Multi-ring - CPU support: If another ring / engine or the CPU is about to move in buffer contents to VRAM or a GPU aperture that was previously evicted by another ring, it needs to sync with that eviction, but doesn't know what buffer or even which buffers occupied the space previously. Trivially one can attach a sync object to the memory type manager that represents the last eviction from that memory type, and *any* engine (CPU or GPU) that moves buffer contents in needs to order that movement with respect to that fence. As you say, with a single ring and no CPU fallbacks, that ordering is a no-op, but any common (non-driver based) implementation needs to support this.
A single fence attached to the memory type manager is the simplest solution, but a solution with a fence for each free region in the free list is also possible. Then TTM needs a driver callback to be able order fences w r t echother.
/Thomas
Radeon already handle multi-ring and ttm interaction with what we call semaphore. Semaphore are created to synchronize with fence accross different ring. I think the easiest solution is to just remove the bo wait in ttm and let driver handle this.
The wait can be removed, but only conditioned on a driver flag that says it supports unsynchronous buffer moves.
The multi-ring case I'm talking about is:
Ring 1 evicts buffer A, emits fence 0 Ring 2 evicts buffer B, emits fence 1 ..Other eviction takes place by various rings, perhaps including ring 1 and ring 2. Ring 3 moves buffer C into the space which happens bo be the union of the space prevously occupied buffer A and buffer B.
Question is: which fence do you want to order this move with? The answer is whichever of fence 0 and 1 signals last.
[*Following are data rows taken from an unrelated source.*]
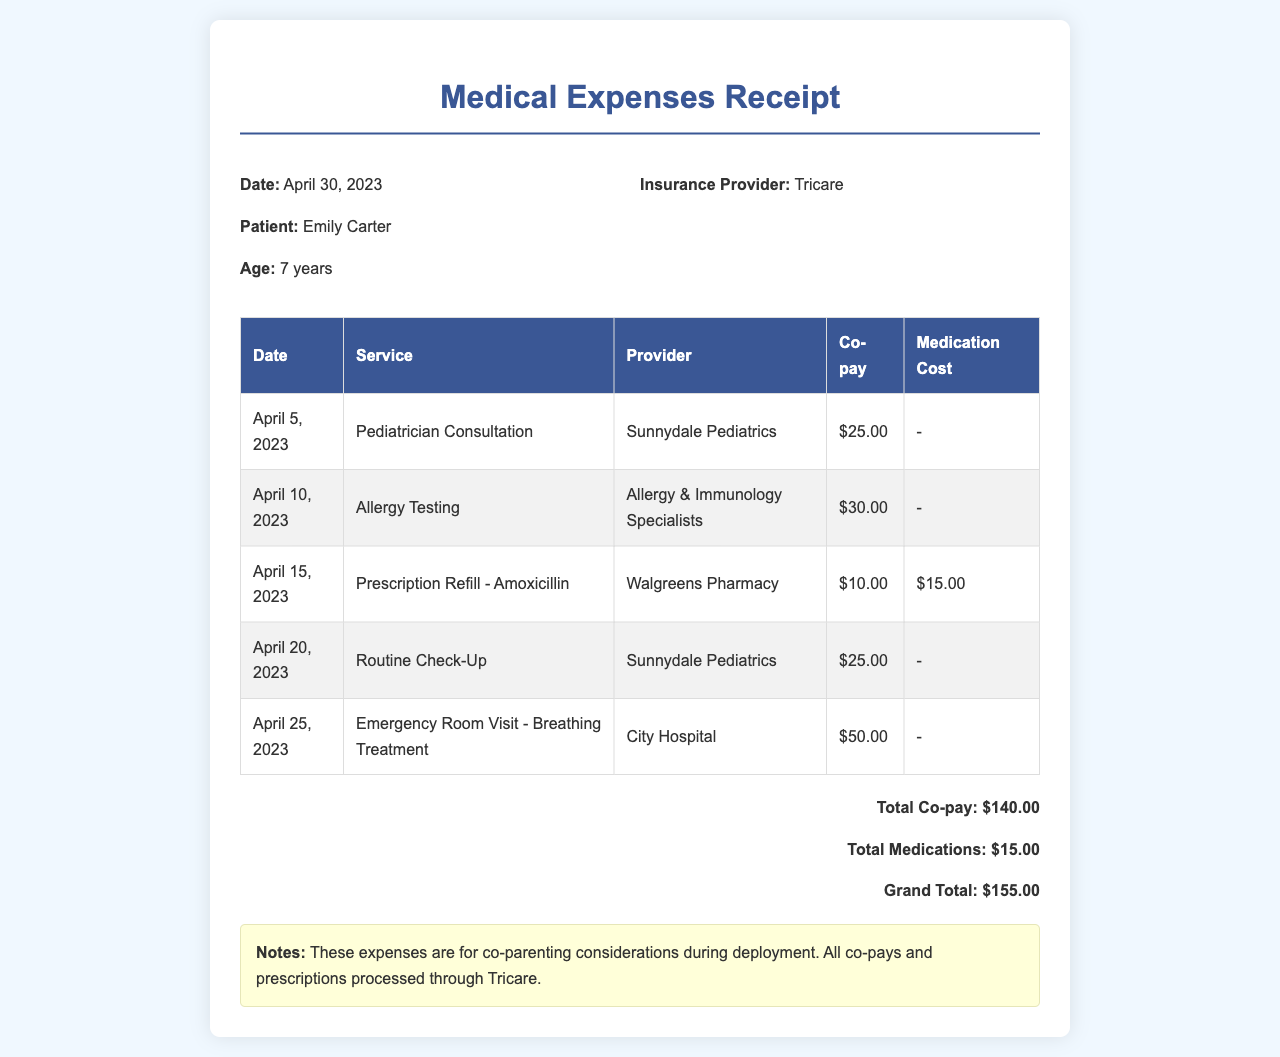What is the date of the receipt? The date of the receipt is specified prominently at the top, which is April 30, 2023.
Answer: April 30, 2023 Who is the patient? The patient's name is clearly mentioned in the document as Emily Carter.
Answer: Emily Carter What was the total co-pay amount? The total co-pay amount is summed from all individual co-pays listed, totaling $140.00.
Answer: $140.00 What medication is listed on the prescription? The document details a prescription refill for Amoxicillin specifically.
Answer: Amoxicillin How much was the co-pay for the Emergency Room Visit? The document shows the co-pay for the Emergency Room Visit as $50.00.
Answer: $50.00 How many services are listed on the receipt? By counting the rows in the service table, there are a total of five services documented.
Answer: 5 What is the Grand Total for the expenses? The Grand Total is provided at the bottom of the document, which combines co-pays and medication costs, totaling $155.00.
Answer: $155.00 Which insurance provider is listed? The document specifies that the insurance provider is Tricare.
Answer: Tricare What type of service was received on April 10, 2023? The service received on this date was Allergy Testing as noted in the document.
Answer: Allergy Testing 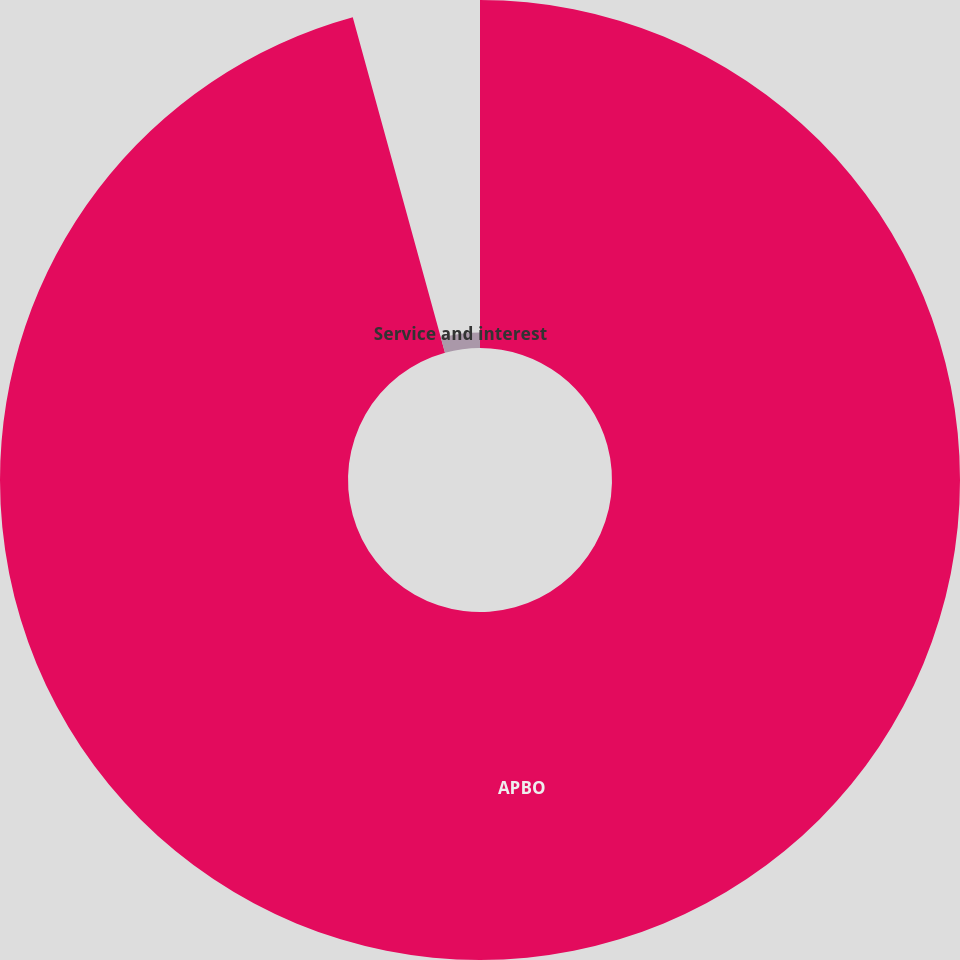<chart> <loc_0><loc_0><loc_500><loc_500><pie_chart><fcel>APBO<fcel>Service and interest<nl><fcel>95.73%<fcel>4.27%<nl></chart>

I think it's a reasonable thing for TTM to keep track of this, but in order to do so it needs a driver callback that can order two fences, and can order a job in the current ring w r t a fence. In radeon's case that driver callback would probably insert a barrier / semaphore. In the case of simpler hardware it would wait on one of the fences.
/Thomas
I don't think we can order fence easily with a clean api, i would rather see ttm provide a list of fence to driver and tell to the driver before moving this object all the fence on this list need to be completed. I think it's as easy as associating fence with drm_mm (well nouveau as its own mm stuff) but idea would basicly be that fence are both associated with bo and with mm object so you know when a segment of memory is idle/available for use.